Overview
About the Role
We are hiring a mid-level DevOps Engineer to help own the infrastructure and delivery surface of a leading technology marketplace that has been running successfully for the last 10 years. The infrastructure is a multi-region cloud estate running dozens of microservices on Kubernetes, an edge router, a Node.js proxy fleet, a Kafka event backbone, a data plane built on ClickHouse, Spark, Snowflake, and Airflow, and modern CI/CD pipelines. The job is to keep that estate reliable, cheap, secure, and pleasant to ship into.
As the platform adds agent-native traffic, you will help ensure the infrastructure scales for machine-speed, high-frequency agent calls alongside human traffic — without separate handling or runaway cost.
Roles and Responsibilities
• AWS infrastructure — Operate and improve the multi-region AWS estate across compute, streaming, databases, caching, and storage. Diagnose issues across regions and accounts.
• Infrastructure-as-Code — Maintain and extend the Terraform modules that define the platform. Treat infra changes like code: reviewed, tested, deployed via pipeline.
• Kubernetes — Operate workloads on Kubernetes: deployments, autoscaling, ingress, networking, secrets, resource limits. Help service teams adopt safe defaults.
• CI/CD — Own and improve the CI/CD pipelines that ship frontend, backend, and data-platform code. Keep build times short, test suites fast and reliable in CI, and deploys boring.
• Observability platform — Own the observability and alerting platform and the standards service teams instrument against. Service teams own their own instrumentation — you own the platform that makes it possible, the conventions that keep it consistent, and the gap analysis that catches what nobody instrumented. Take part in the on-call rotation.
• Incident response — Lead or co-lead incidents; run blameless post-mortems; turn each incident into automation or improved runbooks.
• Security and access — Manage secrets, rotation, access policies, and network policies. Partner with the architect on zero-trust patterns, OAuth2 / JWT / mTLS, and security compliance.
• Cost discipline — Hunt down idle capacity, oversized clusters, runaway warehouse queries, expensive streaming shards, and CDN waste. Report monthly on what came down and why.
• Vendor consolidation — Help simplify the observability, CDN, CDP, and supporting vendor stack. Carry through the migrations.
What Success Looks Like
• Uptime ≥ 99.99% across the platform; incidents are rarer, shorter, and better understood than before you joined.
• Deploys to every part of the stack are routine — service teams ship multiple times a day without your help.
• Terraform is the source of truth: nothing important is configured by hand in the console.
• Alert volume is down and alert quality is up — on-call does not dread the pager.
• AWS spend and vendor spend trend down per call as traffic grows.

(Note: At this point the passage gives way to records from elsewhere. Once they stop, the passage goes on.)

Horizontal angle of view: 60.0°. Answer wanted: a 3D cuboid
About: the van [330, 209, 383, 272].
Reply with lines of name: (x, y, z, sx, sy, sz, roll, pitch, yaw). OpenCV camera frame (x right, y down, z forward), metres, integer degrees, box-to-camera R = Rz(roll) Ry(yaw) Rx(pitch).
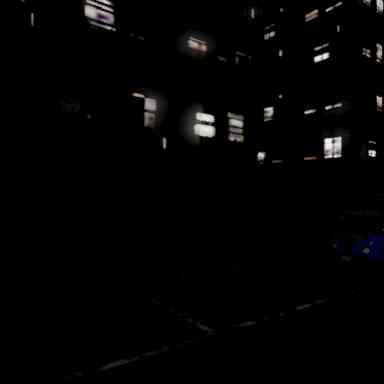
van: (6.259, 1.473, 11.022, 3.998, 1.788, 1.690, 1, 0, -35)
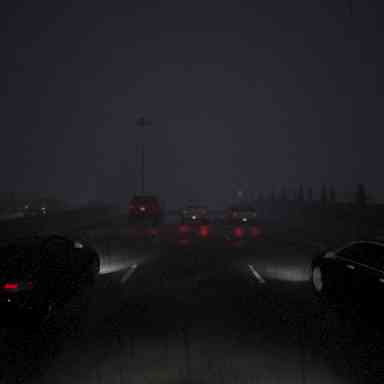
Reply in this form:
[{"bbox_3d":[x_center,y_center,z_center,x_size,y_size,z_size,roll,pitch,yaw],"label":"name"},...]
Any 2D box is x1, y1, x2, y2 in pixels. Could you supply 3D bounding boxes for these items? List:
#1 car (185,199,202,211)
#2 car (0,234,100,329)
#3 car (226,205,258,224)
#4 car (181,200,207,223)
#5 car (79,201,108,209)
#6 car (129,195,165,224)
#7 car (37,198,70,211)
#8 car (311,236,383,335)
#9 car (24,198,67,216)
[{"bbox_3d":[0.190,1.674,42.928,2.033,1.411,5.357,0,-2,0],"label":"car"},{"bbox_3d":[-3.372,1.567,6.953,1.994,1.385,4.181,0,0,0],"label":"car"},{"bbox_3d":[3.650,1.621,25.156,1.895,1.301,4.718,0,0,0],"label":"car"},{"bbox_3d":[0.153,1.544,25.618,1.812,1.442,4.674,0,0,0],"label":"car"},{"bbox_3d":[-10.465,1.622,35.678,1.895,1.301,4.718,0,0,1],"label":"car"},{"bbox_3d":[-3.349,1.238,25.235,2.150,2.045,5.566,0,0,0],"label":"car"},{"bbox_3d":[-17.428,1.588,42.108,2.128,1.511,4.902,0,-2,1],"label":"car"},{"bbox_3d":[3.624,1.511,5.710,1.837,1.490,4.892,0,0,0],"label":"car"},{"bbox_3d":[-13.987,1.367,31.626,2.097,1.767,4.553,0,0,1],"label":"car"}]
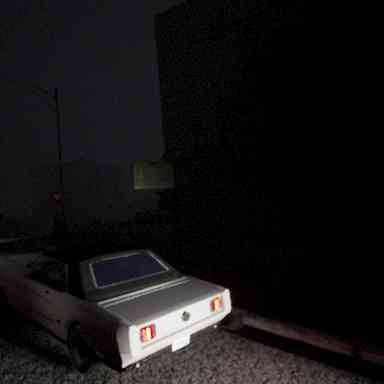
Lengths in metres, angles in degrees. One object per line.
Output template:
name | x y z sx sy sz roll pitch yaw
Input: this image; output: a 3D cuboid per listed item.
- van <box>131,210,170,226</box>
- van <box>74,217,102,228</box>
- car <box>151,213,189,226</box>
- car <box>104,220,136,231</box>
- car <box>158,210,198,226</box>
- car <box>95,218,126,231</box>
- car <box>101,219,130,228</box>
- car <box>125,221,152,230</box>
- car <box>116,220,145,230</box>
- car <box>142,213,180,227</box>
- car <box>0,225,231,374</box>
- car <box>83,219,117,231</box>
van | -5.306 3.402 43.157 4.442 1.987 1.878 -6 -7 23
van | -15.837 4.844 50.314 4.442 1.987 1.878 -6 -7 23
car | -3.189 4.068 48.325 5.008 1.535 2.097 -6 -7 22
car | -12.546 5.789 58.080 5.366 1.575 1.946 -6 -7 23
car | -2.152 4.058 50.868 5.566 2.045 2.435 -6 -7 23
car | -13.504 5.390 55.341 4.553 1.767 2.185 -6 -7 23
car | -10.917 4.834 49.820 1.895 1.301 4.718 -6 -7 23
car | -10.171 6.303 63.109 4.674 1.452 2.002 -6 -7 23
car | -11.247 6.045 60.548 4.792 1.488 2.163 -6 -7 23
car | -4.275 3.866 45.717 4.792 1.488 2.163 -6 -7 23
car | -1.779 1.530 5.603 4.718 1.301 1.895 1 2 42
car | -14.629 5.277 52.788 5.008 1.535 2.097 -6 -7 23
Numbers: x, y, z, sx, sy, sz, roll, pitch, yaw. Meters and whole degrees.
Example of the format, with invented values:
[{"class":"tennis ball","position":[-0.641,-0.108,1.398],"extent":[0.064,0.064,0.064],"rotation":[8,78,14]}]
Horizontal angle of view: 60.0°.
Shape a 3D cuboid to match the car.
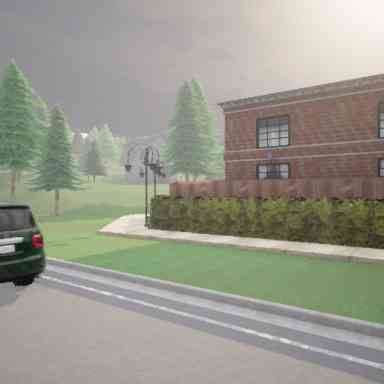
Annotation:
[{"class":"car","position":[-5.872,1.224,8.183],"extent":[5.566,2.045,2.150],"rotation":[0,0,36]}]

• Security and compliance audits go smoothly because the controls are real and the evidence is automated.
What You Bring
• 5+ years of hands-on DevOps / SRE / Platform Engineering experience in a production environment that mattered.
• Strong hands-on AWS across compute, networking, storage, and managed databases.

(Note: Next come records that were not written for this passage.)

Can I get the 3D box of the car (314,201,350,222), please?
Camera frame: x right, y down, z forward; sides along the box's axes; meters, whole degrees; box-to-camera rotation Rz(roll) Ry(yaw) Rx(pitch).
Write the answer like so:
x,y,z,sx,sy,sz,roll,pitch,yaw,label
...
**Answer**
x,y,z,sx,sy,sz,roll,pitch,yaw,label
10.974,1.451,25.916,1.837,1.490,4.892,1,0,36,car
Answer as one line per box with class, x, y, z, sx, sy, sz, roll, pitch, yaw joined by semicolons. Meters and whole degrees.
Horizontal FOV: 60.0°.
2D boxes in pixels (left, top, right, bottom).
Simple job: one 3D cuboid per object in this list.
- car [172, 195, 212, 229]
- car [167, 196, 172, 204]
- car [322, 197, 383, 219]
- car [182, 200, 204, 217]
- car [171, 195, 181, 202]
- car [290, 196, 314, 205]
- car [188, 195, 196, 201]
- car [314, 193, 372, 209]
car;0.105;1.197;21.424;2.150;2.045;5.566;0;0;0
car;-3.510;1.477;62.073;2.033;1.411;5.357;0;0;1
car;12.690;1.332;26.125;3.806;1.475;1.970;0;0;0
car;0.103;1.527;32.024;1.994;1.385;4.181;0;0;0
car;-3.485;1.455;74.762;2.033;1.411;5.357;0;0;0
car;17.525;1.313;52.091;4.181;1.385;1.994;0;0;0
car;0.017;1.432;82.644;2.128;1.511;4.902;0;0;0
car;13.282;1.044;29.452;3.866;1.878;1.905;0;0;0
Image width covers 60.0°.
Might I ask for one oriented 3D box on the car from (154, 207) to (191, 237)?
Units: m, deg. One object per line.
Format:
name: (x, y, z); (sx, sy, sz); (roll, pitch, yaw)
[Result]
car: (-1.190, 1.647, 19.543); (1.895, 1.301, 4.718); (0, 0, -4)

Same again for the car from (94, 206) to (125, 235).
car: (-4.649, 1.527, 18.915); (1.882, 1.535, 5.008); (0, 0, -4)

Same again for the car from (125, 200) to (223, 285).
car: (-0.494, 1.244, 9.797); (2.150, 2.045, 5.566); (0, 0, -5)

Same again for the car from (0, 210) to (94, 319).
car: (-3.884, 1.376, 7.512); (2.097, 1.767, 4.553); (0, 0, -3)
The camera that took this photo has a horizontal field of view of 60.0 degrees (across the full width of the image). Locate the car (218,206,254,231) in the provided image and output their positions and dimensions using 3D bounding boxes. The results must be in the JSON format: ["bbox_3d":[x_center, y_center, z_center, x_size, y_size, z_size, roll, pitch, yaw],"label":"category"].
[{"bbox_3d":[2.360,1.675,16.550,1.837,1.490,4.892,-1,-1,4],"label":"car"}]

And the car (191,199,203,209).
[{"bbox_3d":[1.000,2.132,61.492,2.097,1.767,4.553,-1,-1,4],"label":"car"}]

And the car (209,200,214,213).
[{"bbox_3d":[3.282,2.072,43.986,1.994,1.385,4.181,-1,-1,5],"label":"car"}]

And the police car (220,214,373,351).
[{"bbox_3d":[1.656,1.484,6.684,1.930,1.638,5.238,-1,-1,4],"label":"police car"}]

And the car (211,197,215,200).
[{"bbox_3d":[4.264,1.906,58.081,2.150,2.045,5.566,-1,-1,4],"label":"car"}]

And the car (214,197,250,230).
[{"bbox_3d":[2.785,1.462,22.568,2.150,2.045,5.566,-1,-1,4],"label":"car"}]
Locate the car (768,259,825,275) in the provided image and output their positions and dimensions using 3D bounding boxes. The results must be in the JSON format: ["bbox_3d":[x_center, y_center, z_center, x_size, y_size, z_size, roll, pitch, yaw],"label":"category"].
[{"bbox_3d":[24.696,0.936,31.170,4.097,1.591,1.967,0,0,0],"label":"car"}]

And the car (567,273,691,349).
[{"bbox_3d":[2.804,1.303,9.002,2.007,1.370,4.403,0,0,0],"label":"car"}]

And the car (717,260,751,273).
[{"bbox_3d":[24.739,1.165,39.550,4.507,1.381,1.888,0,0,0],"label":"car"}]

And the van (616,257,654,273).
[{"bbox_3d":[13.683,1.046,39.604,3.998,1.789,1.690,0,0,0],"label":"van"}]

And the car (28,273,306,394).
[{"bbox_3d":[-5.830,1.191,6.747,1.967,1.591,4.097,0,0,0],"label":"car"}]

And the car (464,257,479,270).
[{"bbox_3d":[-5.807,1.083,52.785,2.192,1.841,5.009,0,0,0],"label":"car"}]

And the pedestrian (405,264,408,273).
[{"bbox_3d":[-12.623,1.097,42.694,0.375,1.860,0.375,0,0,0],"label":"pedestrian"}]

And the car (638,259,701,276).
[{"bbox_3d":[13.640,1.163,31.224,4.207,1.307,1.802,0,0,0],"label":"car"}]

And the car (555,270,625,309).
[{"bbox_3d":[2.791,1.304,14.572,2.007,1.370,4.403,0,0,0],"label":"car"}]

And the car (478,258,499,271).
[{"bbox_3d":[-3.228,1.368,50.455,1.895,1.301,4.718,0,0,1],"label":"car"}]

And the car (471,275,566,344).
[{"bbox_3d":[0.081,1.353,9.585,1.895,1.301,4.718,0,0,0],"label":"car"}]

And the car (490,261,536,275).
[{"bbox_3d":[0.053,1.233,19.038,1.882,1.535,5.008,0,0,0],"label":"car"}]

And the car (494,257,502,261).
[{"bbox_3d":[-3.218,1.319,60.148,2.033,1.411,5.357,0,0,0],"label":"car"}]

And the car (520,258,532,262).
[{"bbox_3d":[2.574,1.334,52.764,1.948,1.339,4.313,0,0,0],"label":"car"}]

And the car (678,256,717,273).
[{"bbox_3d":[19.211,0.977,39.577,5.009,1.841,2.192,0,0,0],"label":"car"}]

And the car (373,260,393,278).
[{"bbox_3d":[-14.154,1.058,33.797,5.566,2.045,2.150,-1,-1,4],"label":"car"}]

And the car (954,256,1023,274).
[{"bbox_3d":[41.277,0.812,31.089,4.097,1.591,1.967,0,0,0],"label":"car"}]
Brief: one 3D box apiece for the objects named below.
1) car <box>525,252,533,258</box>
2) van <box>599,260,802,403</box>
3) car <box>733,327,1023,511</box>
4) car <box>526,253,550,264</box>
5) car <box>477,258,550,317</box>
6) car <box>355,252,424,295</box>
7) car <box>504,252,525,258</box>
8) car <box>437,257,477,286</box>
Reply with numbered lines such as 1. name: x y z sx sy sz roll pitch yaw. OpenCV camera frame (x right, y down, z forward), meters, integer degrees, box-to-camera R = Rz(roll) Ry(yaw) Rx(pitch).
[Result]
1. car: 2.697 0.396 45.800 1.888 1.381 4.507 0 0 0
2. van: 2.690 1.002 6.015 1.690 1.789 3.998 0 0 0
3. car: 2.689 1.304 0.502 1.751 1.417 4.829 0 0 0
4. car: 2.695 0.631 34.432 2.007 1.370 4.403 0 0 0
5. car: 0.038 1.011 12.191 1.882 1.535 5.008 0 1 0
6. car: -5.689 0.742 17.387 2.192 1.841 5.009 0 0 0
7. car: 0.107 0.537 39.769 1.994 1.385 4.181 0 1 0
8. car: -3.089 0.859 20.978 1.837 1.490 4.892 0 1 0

• Kubernetes in production — deployments, autoscaling, ingress, helm, secrets, RBAC, troubleshooting.
• Terraform in production — modules, state hygiene, code review discipline.
• Solid scripting in Python, Bash, or Go.
• CI/CD experience with modern pipeline tooling.
• Real observability experience — instrumentation, dashboards, alerts.
• Comfortable on-call. Comfortable running an incident. Comfortable telling the team that something needs to be redesigned.
• Security mindset: least-privilege, secrets hygiene, supply-chain awareness.
• Bonus: experience operating Kafka, ClickHouse, Snowflake, or Airflow; exposure to agentic / LLM-driven ops workflows for incident triage or remediation.
• You automate before you complain. You leave the cluster cheaper and quieter than you found it.